Liberty University is the subject of a horrifying ProPublica report in which multiple former students and one former administrator detail a culture of dismissal and denial around campus rape accusations. According to the report, women who come forward to report sexual assault are often shamed into silence, discouraged from going to police and even blamed for what happened to them. The damning stories threaten to bring another tidal wave of scrutiny to one of the nation’s largest and most influential Christian universities.
Three women who spoke to the ProPublica reporter said that when they reported being sexually assaulted, they were told to sign statements acknowledging that they may have violated the student code of conduct known as “the Liberty Way.” Others say that even campus police officers urged them to back off from pursuing charged against their attackers. One student reported her assault by a fellow student along with evidence including screenshots of texts from witnesses and photographs of violent bruises on her neck, chest and torso. She says those photos were ultimately omitted from her file and her attacker was found not guilty.
Another woman says she went to the counselor’s office with her mother to report her rape, stressing that it was an “emergency,” but was told there were no appointments available and sent away. Other women were not informed that going to the police was an option, as required by law.

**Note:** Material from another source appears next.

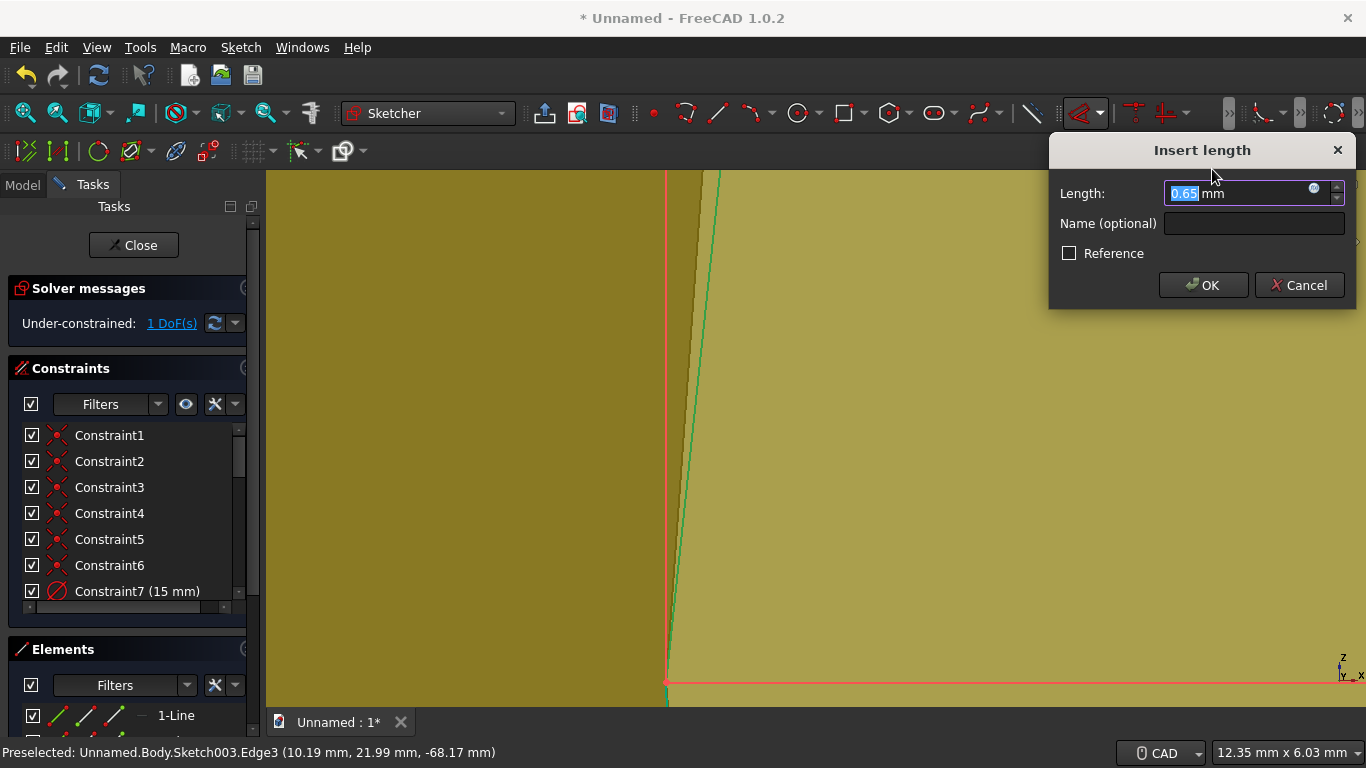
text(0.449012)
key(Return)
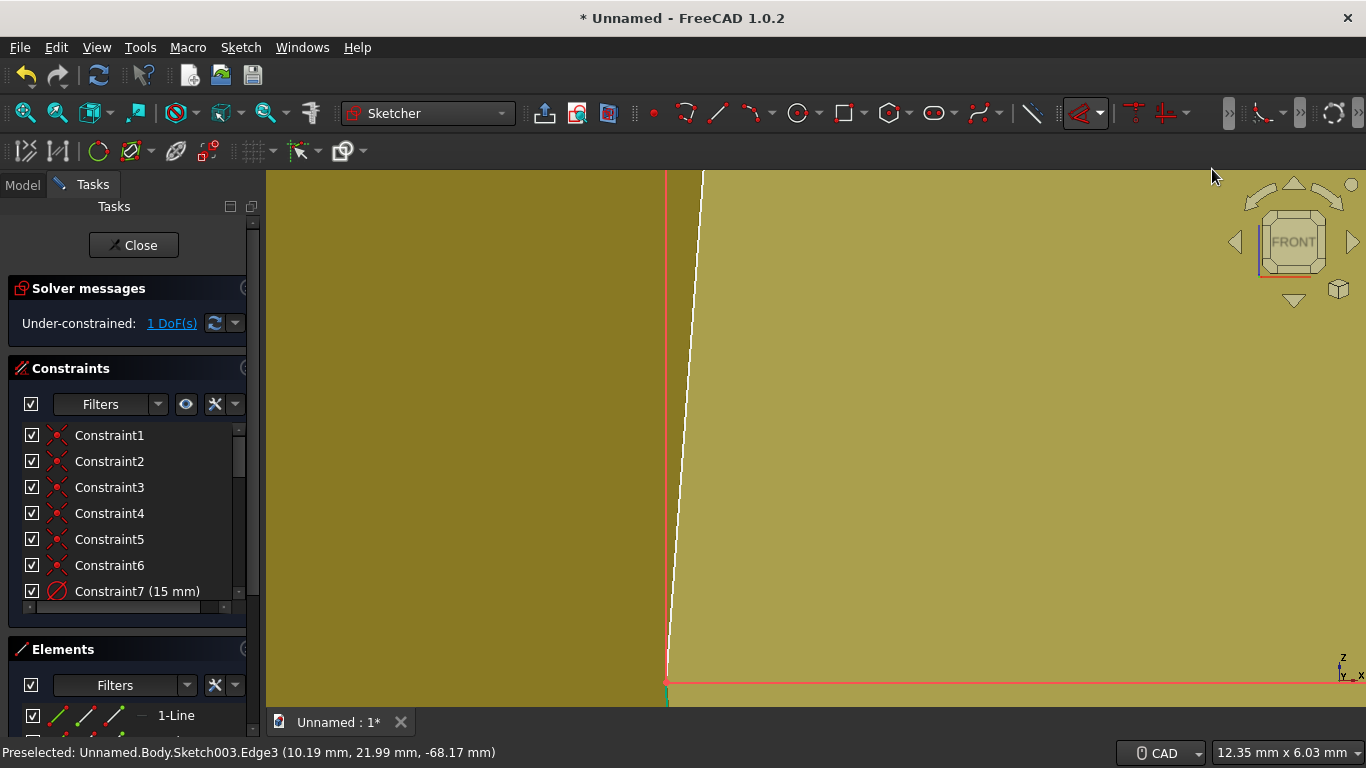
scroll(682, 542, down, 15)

“Historically, and based on the cases you presented to me, I do not believe Liberty has a conception of sexual assault that is consistent with criminal law, and certainly not with federal civil rights and campus safety,” S. Daniel Carter says in the piece. Carter helped write the laws around how universities handle sexual assault cases.
That all squares with the experience of Scott Lamb, who was Liberty University’s senior vice president of communications until recently. He says he was fired for raising concerns around the way Liberty was sweeping sexual assault cases under the rug, and say ProPublica’s emails to Liberty administration seeking comment were deliberately ignored. “Concerns about sexual assault would go up the chain and then die,” he told the reporter, calling it “a conspiracy of silence.”
Lamb says he and another colleague tried to convince the school to investigate the accusations. “We said, ‘Listen, the optics of this are killing us. Is there anything we can message — something? A message about empathy? Or that we’re at least working to get to the bottom of this?’ And then it dawned on us: They’re not working to get to the bottom of this.”
Lamb is filing a lawsuit about his firing. Liberty is also facing a lawsuit from a dozen unnamed former students over what they say is a pattern of discouragement, dismissal and denial when it came to their assaults, including “public and repeated retaliation against women who did report their victimization.”
Last year, Liberty parted ways with its longtime president Jerry Falwell Jr., the son of the school’s founder, following myriad personal scandals, allegations and one infamous vacation photo. Falwell has been replaces by Jerry Prevo but, as the article shows, the school’s woes have outlasted Falwell’s leadership.